The Associated Press style book currently prefers “illegal immigrant” over “undocumented worker” or “illegal alien.” While not as bombastic as the latter, “illegal immigrant” still criminalizes people and implies an overgeneralization. For example, the cases the Asylum Law Project worked on were asylum seekers, who are neither legal nor illegal. These people declared to the United States government they were seeking asylum from their home country; as a result, they are kept in detention centers until their case is decided. To dub people like this “illegal” is to hold individuals guilty until proven innocent, a sad digression of American justice. It is sad that the AP style book still persists in continuing a journalistic tradition that perpetuates such divisive and alienating terminology.
The common use and acceptance of derogatory terms in mass media track the same public discourse that laid the ground for the Chinese Exclusion Act of 1882. Called “Coolies” and “Asiatics” for years, accused of depressing wages and bringing subversive politics, decried as failing to integrate and having “anchor babies,” Chinese-Americans were discriminated against for decades preceding this first racially-based immigration legislation. Chinese immigrants were effectively barred from citizenship until the act was repealed in 1943 with the Chinese Exclusion Repeal Act.

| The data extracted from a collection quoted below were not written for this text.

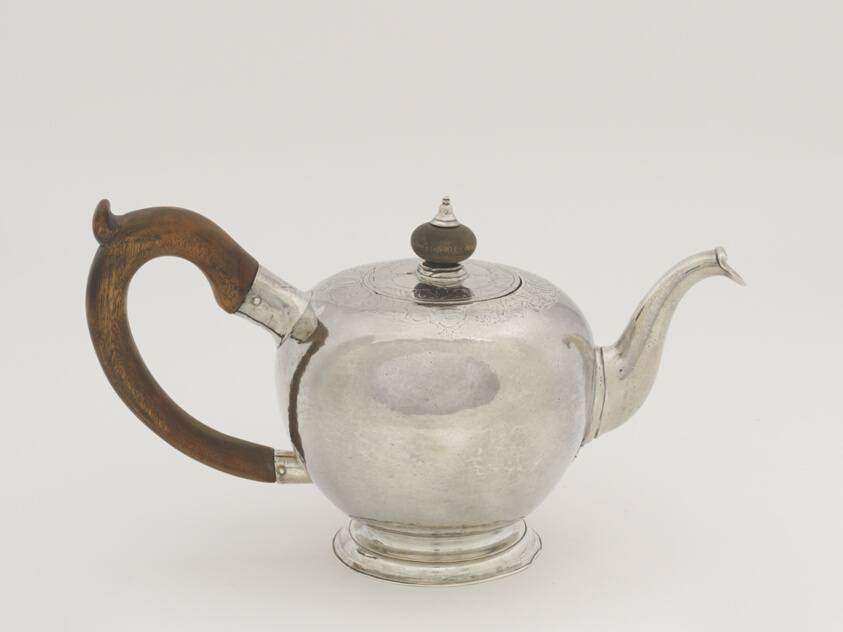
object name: Metalwork
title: Teapot
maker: Jacob Hurd; American, 1702/03–1758; Boston
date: 1740–55
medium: Silver and walnut
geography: Boston
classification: teapot; silver; american decorative arts; american arts; decorative arts
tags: dining, drinking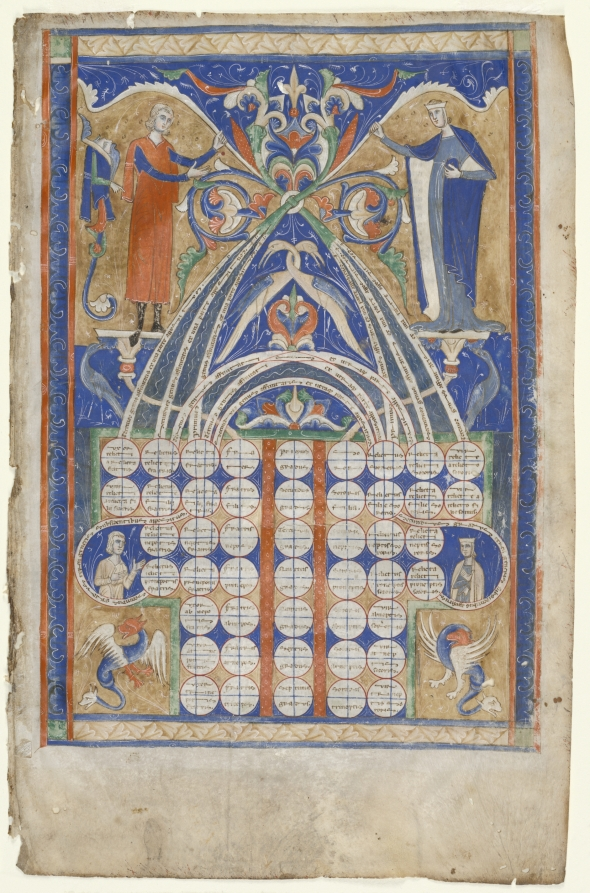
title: Leaf from Gratian's Decretum: Table of Affinity
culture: Italy, probably Naples, 13th century
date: c. 1270–1300
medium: tempera and gold on parchment
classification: Manuscript
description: These leaves were excised from a copy of the handbook of canon law known simply as the Decretum written by Gratian, an Italian Camaldolese monk, in Bologna around 1130-40. The Decretum was widely copied and consulted throughout the Middle Ages. These tables were used to determine relationships created by marriage. During the Middle Ages such relationships of "affinity" could be impediments to subsequent marriages if one partner were to die. In the direct line, for example, a man may not marry his mother-in-law or his daughter-in-law, while in the collateral line a man may not marry his uncle's wife or his wife's first cousin or niece. Like Tables of Consanguinity, Tables of Affinity were used by church officials to approve or deny marriages.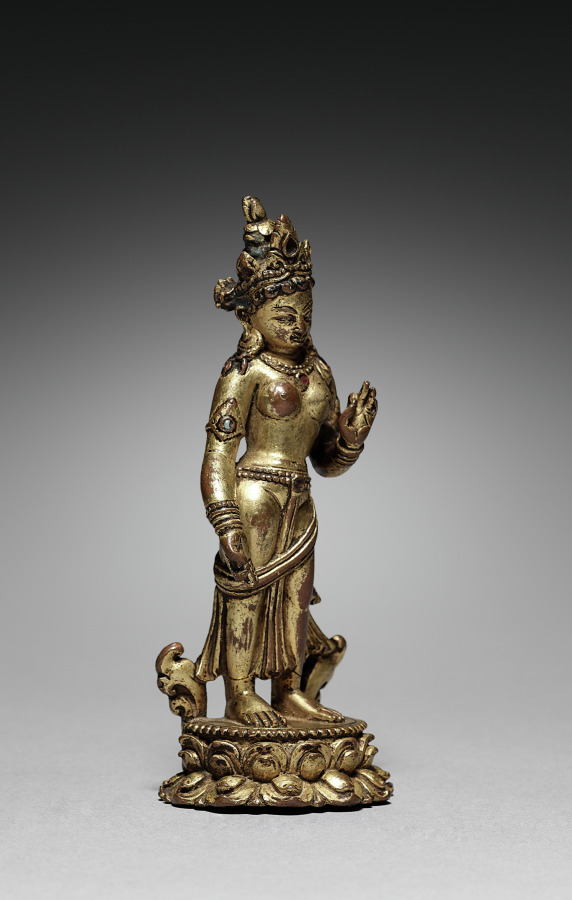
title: Standing Tara
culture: Nepal
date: 1300s
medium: bronze, gilded
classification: Sculpture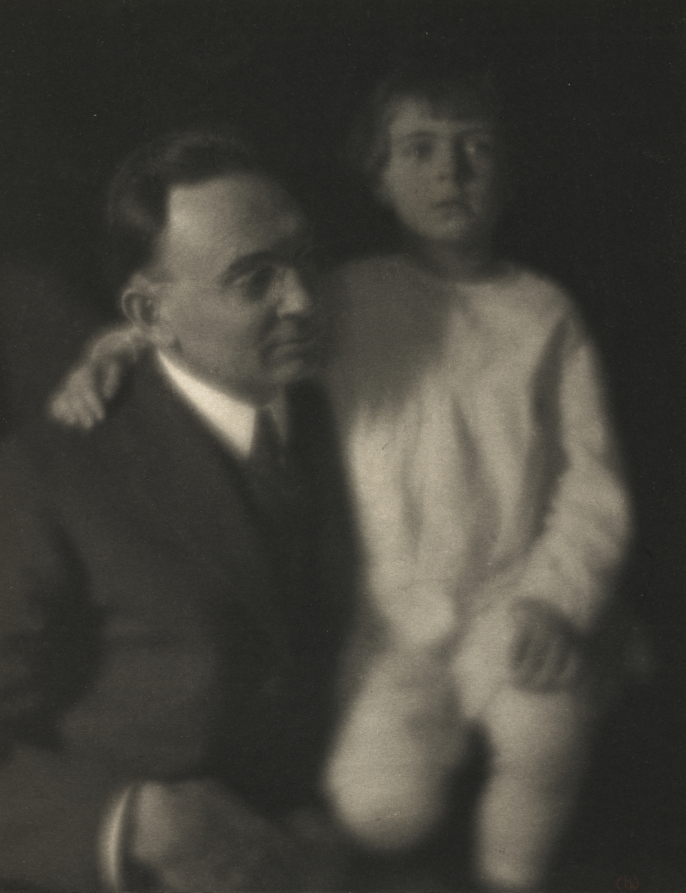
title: Walter L. Flory and John Flory
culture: America
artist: Clarence H. White (American, 1871–1925)
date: 1915
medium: platinum print with graphite
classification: Photograph
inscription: Written in red ink on recto of photo: "CHW"; in pencil on recto of original mount: "Clarence H. White [signed] '15"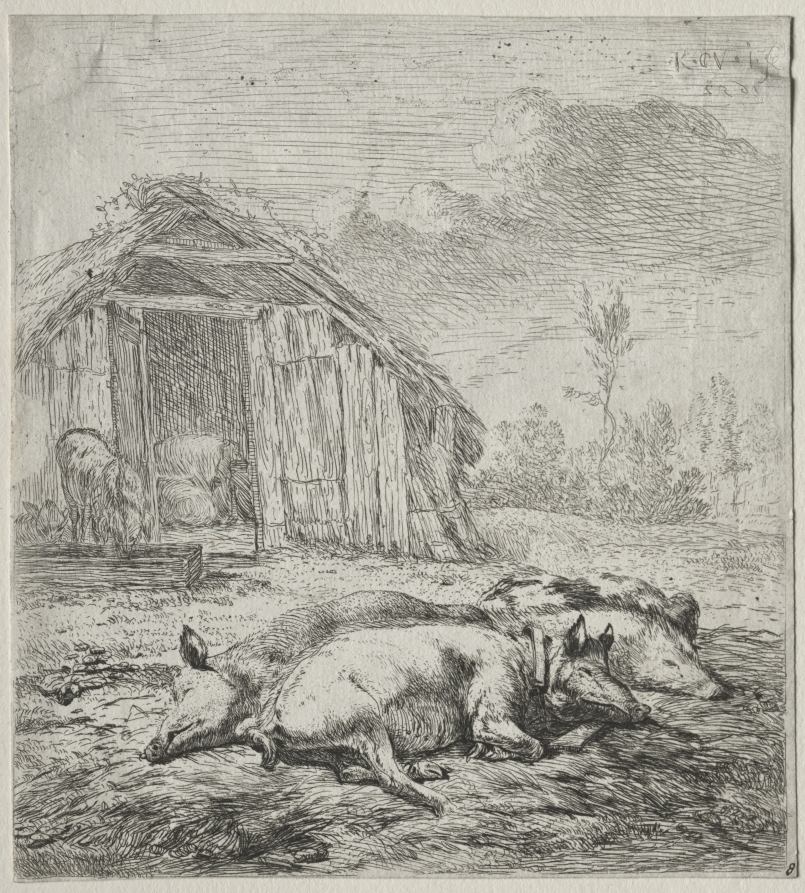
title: Three Swine Lying in Front of a Sty
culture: France, 19th century
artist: Karel Dujardin (Dutch, c. 1622–1678)
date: 1652
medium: etching
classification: Print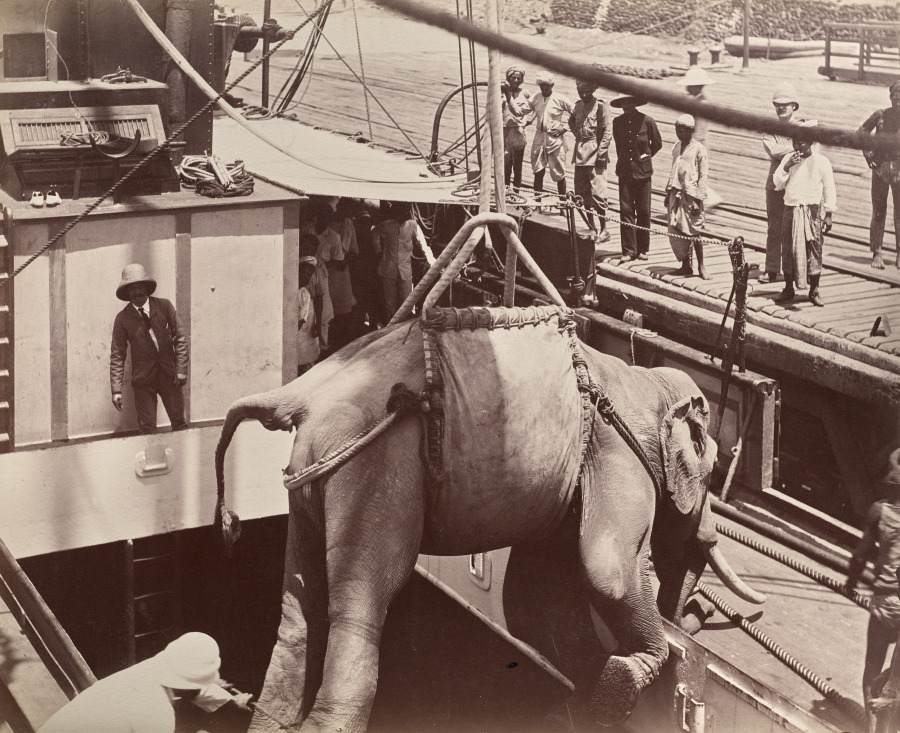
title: Untitled (elephant being loaded onto a ship, recto)
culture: England, 19th century
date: 1870s-1880s
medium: albumen print mounted on an album page
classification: Photograph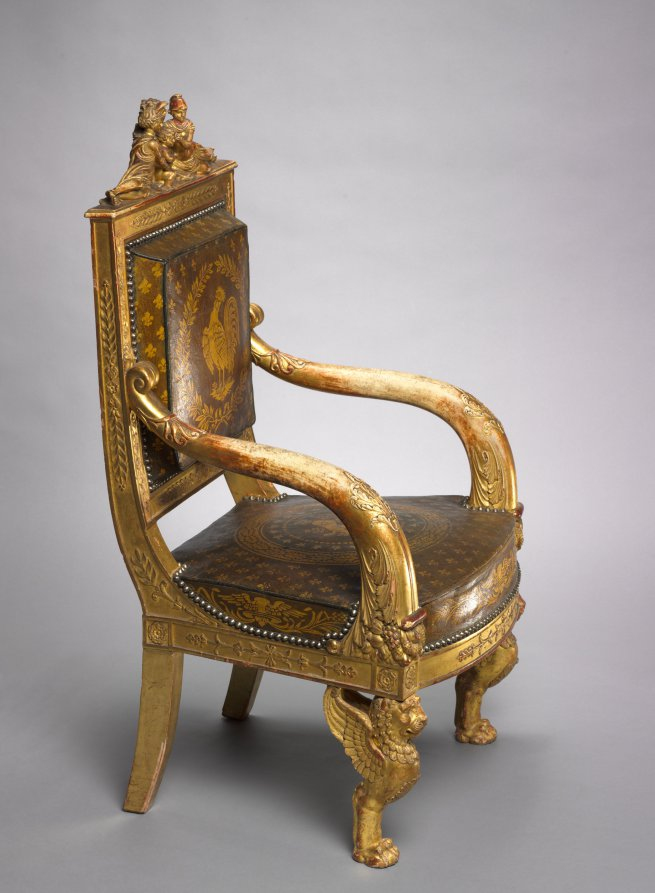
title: Child's Throne
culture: France, Paris
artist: Pierre-Marie Balny le Jeune (French, 1832)
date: 1822
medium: carved and gilded wood, leather upholstery
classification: Furniture and woodwork
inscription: inscribed with stencils inside back rail: BLONDEL TAPISSIER/RUE ST. ANTOINE N 72 1822 inscribed in ink lower edge back rail: 12 JANVIER 18[22?]
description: This chair was made for the young, presumed successor to the French throne who ruled briefly as Henri V in 1830, the last of the direct Bourbon line. He is depicted at the center of the top rail protected by female figures representing France and Minerva, the Roman goddess of wisdom. Fleurs-de-lis and the Gallic rooster, symbols of French royalty and the French people, decorate the upholstery.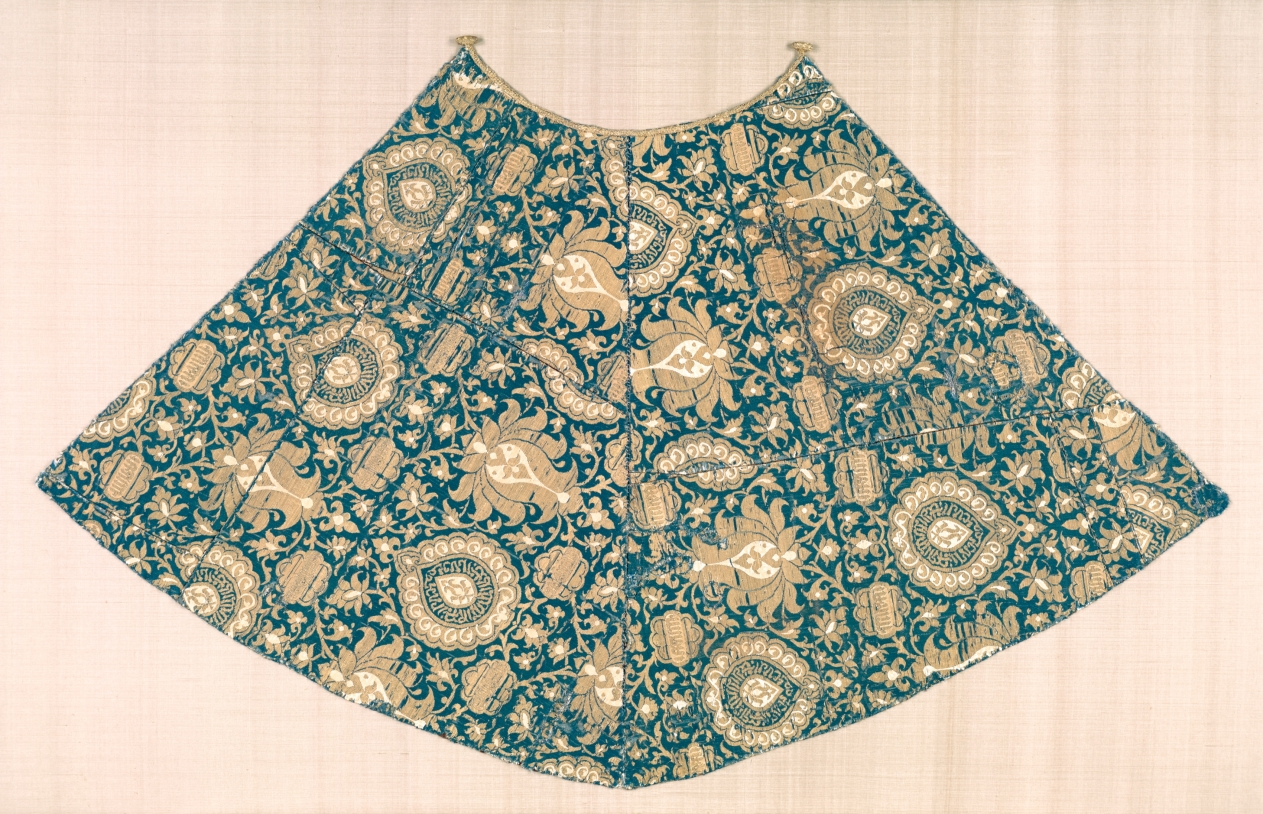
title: Mantle for a Statue of the Virgin with Lotus Blossoms and Medallions
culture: Egypt and Spain; Egypt
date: c. 1430
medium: Silk and gilt-metal thread: lampas weave
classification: Textile
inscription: Glory to our master, the sultan, the king
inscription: The sultan, the king
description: This costly royal silk with extensive gold thread was woven in Egypt and gifted or exported to Spain, where it was pieced into this mantle for a statue of the Virgin, probably to be worn during festivals and processions. The sturdy silk brocade foundation cloth was also woven with a lighter weight silk damask with a repeating mirror image. Therefore, the Arabic inscription in the medallions reads both forward and backward: Glory to our master, the sultan, the king. The inscribed lobed roundels say The sultan, the king.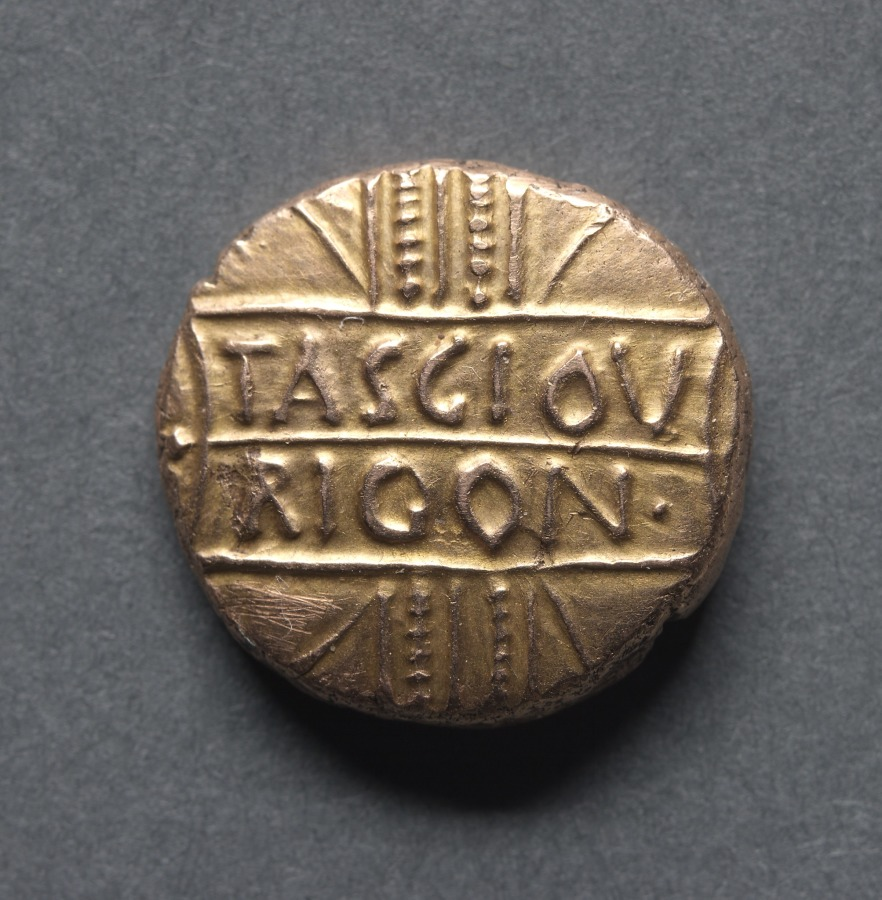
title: Tasciovanus Stater: Wreath (obverse); Horse and Armed Rider (reverse)
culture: England, Catuvellauni
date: c. 20 BCE–10 CE
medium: gold
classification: Coins
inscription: TASCIOV RICON
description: The clarity of the obverse legend sets this piece beyond all doubt. The meaning of RICON, which on some other specimens occurs as RICONI or RIGON, is uncertain. Some authorities believe it to be the Celtic form of REX or king. A high quality or workmanship, the horse has a clear, three-dimensional appearance. The warrior's cuirass is a point of interest as it may show mail being used. The warrior's shield is on his outstretched left arm, trailing behind the horse as the rider turns in his saddle, probably encouraging his army.
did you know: The name Tasciovanos is only known through coin and appears to have become king of the Catuvellauni around 20 BC.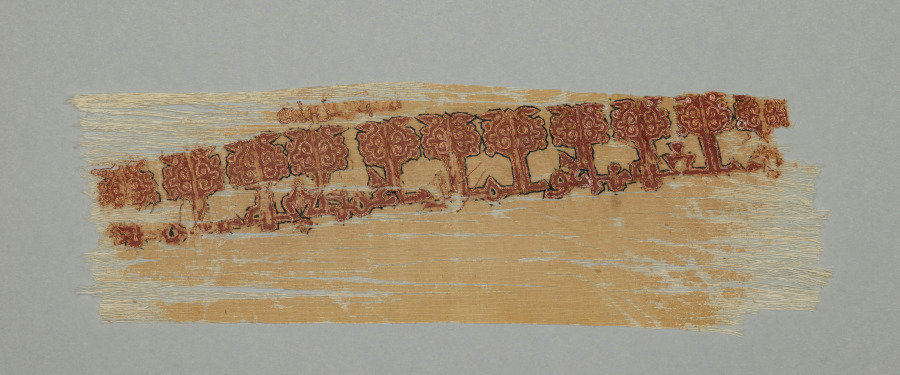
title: Fragment of an Embroidery
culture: Iran or Iraq, Seljuk period, 12 century A.D.
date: 1100s
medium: embroidery in silk and gold filé on mulham tabby ground
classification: Embroidery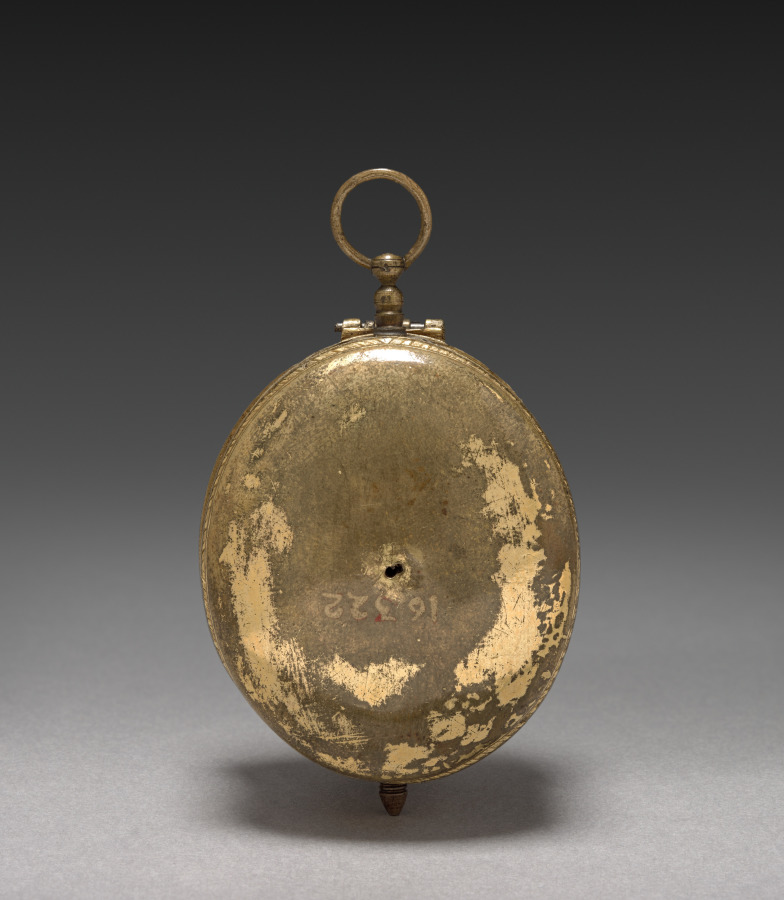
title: Watch
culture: Germany
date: 1600s
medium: gilded metal
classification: Jewelry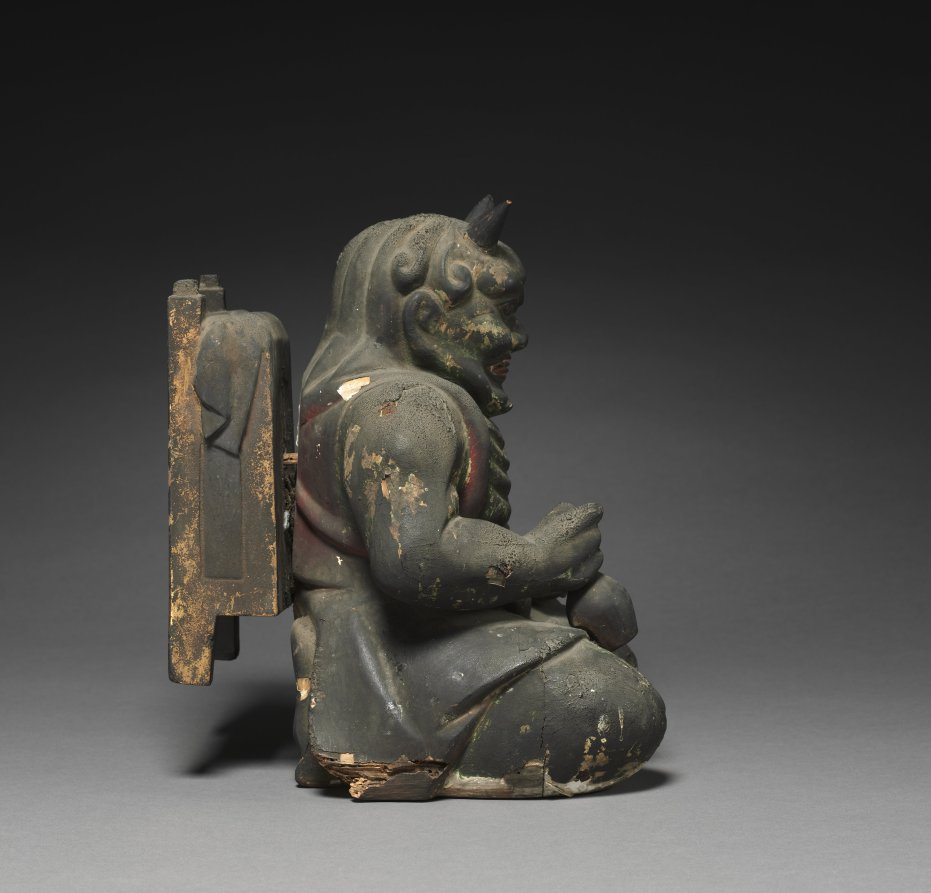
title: Seated Koki
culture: Japan, Muromachi period (1392–1573)
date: 1400s
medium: wood with pigment
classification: Sculpture
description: The axe-wielding red Zenki, and the vase-holding, bamboo backpack-wearing green Koki are both under the mystical control of the monk, En no Ozunu (legendarily 634–701), also known as En no Gyōja, or “En the Ascetic,” considered to have founded Shugendō, a style of religious practice focused on performing austerities in mountainous settings.
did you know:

As has been the case historically, the ways Chinese immigrants were framed in the media affected the way they were viewed nationally. Associated Press should be pressured to change their practice of using “illegal immigrant” in articles throughout the United States. Please write a letter or email to the editors, telling them that no human being is illegal and that we are capable of more civil and exact nomenclature for migrants.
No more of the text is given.